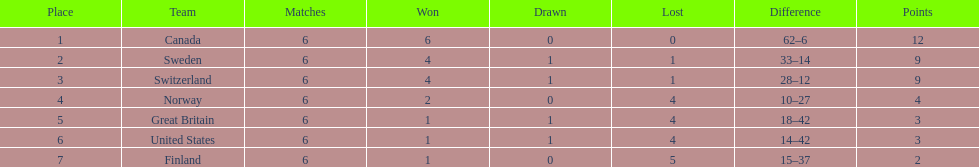Which country had the lowest number of goals conceded? Finland. 
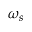<formula> <loc_0><loc_0><loc_500><loc_500>\omega _ { s }</formula> 
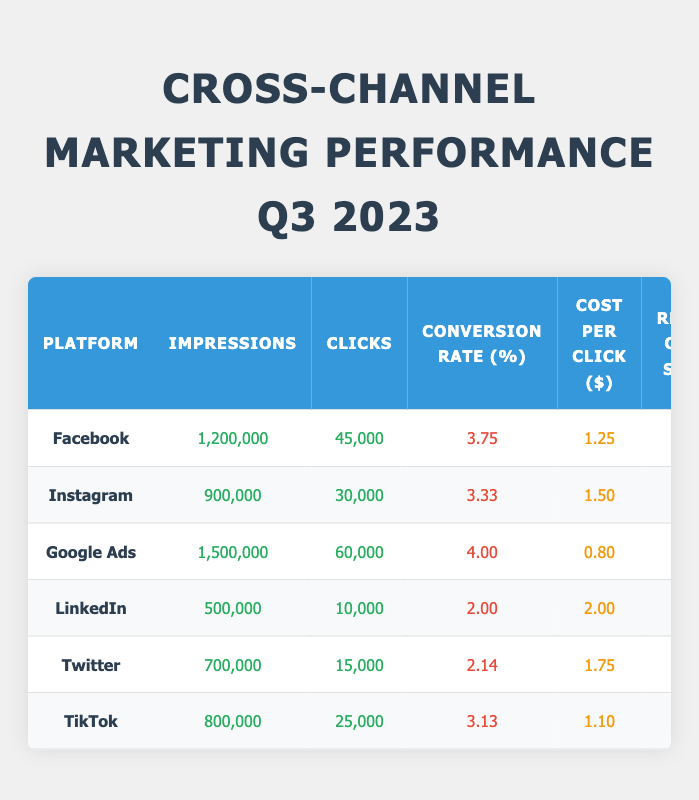What is the platform with the highest number of impressions? Looking at the "Impressions" column, Google Ads has the highest value at 1,500,000.
Answer: Google Ads What is the conversion rate for Facebook? The conversion rate for Facebook, as shown in the "Conversion Rate (%)" column, is 3.75%.
Answer: 3.75% Which platform has the lowest cost per click? The "Cost per Click ($)" column shows that Google Ads has the lowest cost, at $0.80 per click.
Answer: Google Ads What is the total number of clicks across all platforms? To find the total number of clicks, sum the values from the "Clicks" column: 45,000 + 30,000 + 60,000 + 10,000 + 15,000 + 25,000 = 185,000.
Answer: 185,000 Which platform has the highest return on ad spend? By examining the "Return on Ad Spend" column, Google Ads has the highest value at 6.0.
Answer: Google Ads Is Facebook’s conversion rate higher than Twitter’s? Facebook has a conversion rate of 3.75%, while Twitter’s is 2.14%. Since 3.75% > 2.14%, the statement is true.
Answer: Yes What is the average cost per click among all platforms? To find the average cost per click, sum the values from the "Cost per Click ($)" column (1.25 + 1.50 + 0.80 + 2.00 + 1.75 + 1.10 = 8.40) and divide by the number of platforms (6): 8.40 / 6 = 1.40.
Answer: 1.40 How many more clicks does Google Ads have compared to LinkedIn? Google Ads has 60,000 clicks, while LinkedIn has 10,000. The difference is calculated as 60,000 - 10,000 = 50,000.
Answer: 50,000 Is TikTok's conversion rate greater than Instagram's? TikTok has a conversion rate of 3.13%, while Instagram has 3.33%. Since 3.13% < 3.33%, the statement is false.
Answer: No What is the total number of impressions for Facebook and Instagram combined? To find the total impressions for Facebook and Instagram, sum their "Impressions" values: 1,200,000 (Facebook) + 900,000 (Instagram) = 2,100,000.
Answer: 2,100,000 
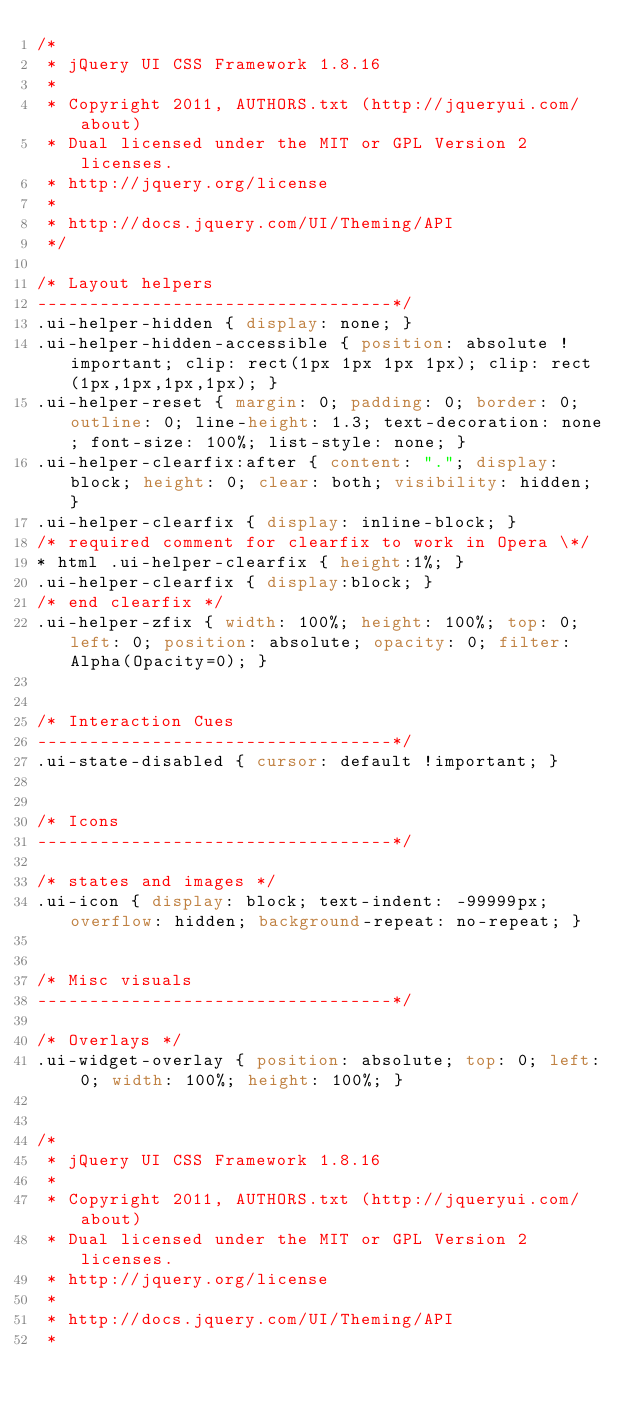<code> <loc_0><loc_0><loc_500><loc_500><_CSS_>/*
 * jQuery UI CSS Framework 1.8.16
 *
 * Copyright 2011, AUTHORS.txt (http://jqueryui.com/about)
 * Dual licensed under the MIT or GPL Version 2 licenses.
 * http://jquery.org/license
 *
 * http://docs.jquery.com/UI/Theming/API
 */

/* Layout helpers
----------------------------------*/
.ui-helper-hidden { display: none; }
.ui-helper-hidden-accessible { position: absolute !important; clip: rect(1px 1px 1px 1px); clip: rect(1px,1px,1px,1px); }
.ui-helper-reset { margin: 0; padding: 0; border: 0; outline: 0; line-height: 1.3; text-decoration: none; font-size: 100%; list-style: none; }
.ui-helper-clearfix:after { content: "."; display: block; height: 0; clear: both; visibility: hidden; }
.ui-helper-clearfix { display: inline-block; }
/* required comment for clearfix to work in Opera \*/
* html .ui-helper-clearfix { height:1%; }
.ui-helper-clearfix { display:block; }
/* end clearfix */
.ui-helper-zfix { width: 100%; height: 100%; top: 0; left: 0; position: absolute; opacity: 0; filter:Alpha(Opacity=0); }


/* Interaction Cues
----------------------------------*/
.ui-state-disabled { cursor: default !important; }


/* Icons
----------------------------------*/

/* states and images */
.ui-icon { display: block; text-indent: -99999px; overflow: hidden; background-repeat: no-repeat; }


/* Misc visuals
----------------------------------*/

/* Overlays */
.ui-widget-overlay { position: absolute; top: 0; left: 0; width: 100%; height: 100%; }


/*
 * jQuery UI CSS Framework 1.8.16
 *
 * Copyright 2011, AUTHORS.txt (http://jqueryui.com/about)
 * Dual licensed under the MIT or GPL Version 2 licenses.
 * http://jquery.org/license
 *
 * http://docs.jquery.com/UI/Theming/API
 *</code>

####

### [What you will do]
Repeat all the material exactly, but keep pictures out of the copy.

### [Written answer]
Which country had the lowest number of goals conceded? Finland. 
<formula> <loc_0><loc_0><loc_500><loc_500>\omega _ { s }</formula> 
What is the platform with the highest number of impressions? Looking at the "Impressions" column, Google Ads has the highest value at 1,500,000.
Answer: Google Ads What is the conversion rate for Facebook? The conversion rate for Facebook, as shown in the "Conversion Rate (%)" column, is 3.75%.
Answer: 3.75% Which platform has the lowest cost per click? The "Cost per Click ($)" column shows that Google Ads has the lowest cost, at $0.80 per click.
Answer: Google Ads What is the total number of clicks across all platforms? To find the total number of clicks, sum the values from the "Clicks" column: 45,000 + 30,000 + 60,000 + 10,000 + 15,000 + 25,000 = 185,000.
Answer: 185,000 Which platform has the highest return on ad spend? By examining the "Return on Ad Spend" column, Google Ads has the highest value at 6.0.
Answer: Google Ads Is Facebook’s conversion rate higher than Twitter’s? Facebook has a conversion rate of 3.75%, while Twitter’s is 2.14%. Since 3.75% > 2.14%, the statement is true.
Answer: Yes What is the average cost per click among all platforms? To find the average cost per click, sum the values from the "Cost per Click ($)" column (1.25 + 1.50 + 0.80 + 2.00 + 1.75 + 1.10 = 8.40) and divide by the number of platforms (6): 8.40 / 6 = 1.40.
Answer: 1.40 How many more clicks does Google Ads have compared to LinkedIn? Google Ads has 60,000 clicks, while LinkedIn has 10,000. The difference is calculated as 60,000 - 10,000 = 50,000.
Answer: 50,000 Is TikTok's conversion rate greater than Instagram's? TikTok has a conversion rate of 3.13%, while Instagram has 3.33%. Since 3.13% < 3.33%, the statement is false.
Answer: No What is the total number of impressions for Facebook and Instagram combined? To find the total impressions for Facebook and Instagram, sum their "Impressions" values: 1,200,000 (Facebook) + 900,000 (Instagram) = 2,100,000.
Answer: 2,100,000 
<code> <loc_0><loc_0><loc_500><loc_500><_CSS_>/*
 * jQuery UI CSS Framework 1.8.16
 *
 * Copyright 2011, AUTHORS.txt (http://jqueryui.com/about)
 * Dual licensed under the MIT or GPL Version 2 licenses.
 * http://jquery.org/license
 *
 * http://docs.jquery.com/UI/Theming/API
 */

/* Layout helpers
----------------------------------*/
.ui-helper-hidden { display: none; }
.ui-helper-hidden-accessible { position: absolute !important; clip: rect(1px 1px 1px 1px); clip: rect(1px,1px,1px,1px); }
.ui-helper-reset { margin: 0; padding: 0; border: 0; outline: 0; line-height: 1.3; text-decoration: none; font-size: 100%; list-style: none; }
.ui-helper-clearfix:after { content: "."; display: block; height: 0; clear: both; visibility: hidden; }
.ui-helper-clearfix { display: inline-block; }
/* required comment for clearfix to work in Opera \*/
* html .ui-helper-clearfix { height:1%; }
.ui-helper-clearfix { display:block; }
/* end clearfix */
.ui-helper-zfix { width: 100%; height: 100%; top: 0; left: 0; position: absolute; opacity: 0; filter:Alpha(Opacity=0); }


/* Interaction Cues
----------------------------------*/
.ui-state-disabled { cursor: default !important; }


/* Icons
----------------------------------*/

/* states and images */
.ui-icon { display: block; text-indent: -99999px; overflow: hidden; background-repeat: no-repeat; }


/* Misc visuals
----------------------------------*/

/* Overlays */
.ui-widget-overlay { position: absolute; top: 0; left: 0; width: 100%; height: 100%; }


/*
 * jQuery UI CSS Framework 1.8.16
 *
 * Copyright 2011, AUTHORS.txt (http://jqueryui.com/about)
 * Dual licensed under the MIT or GPL Version 2 licenses.
 * http://jquery.org/license
 *
 * http://docs.jquery.com/UI/Theming/API
 *</code>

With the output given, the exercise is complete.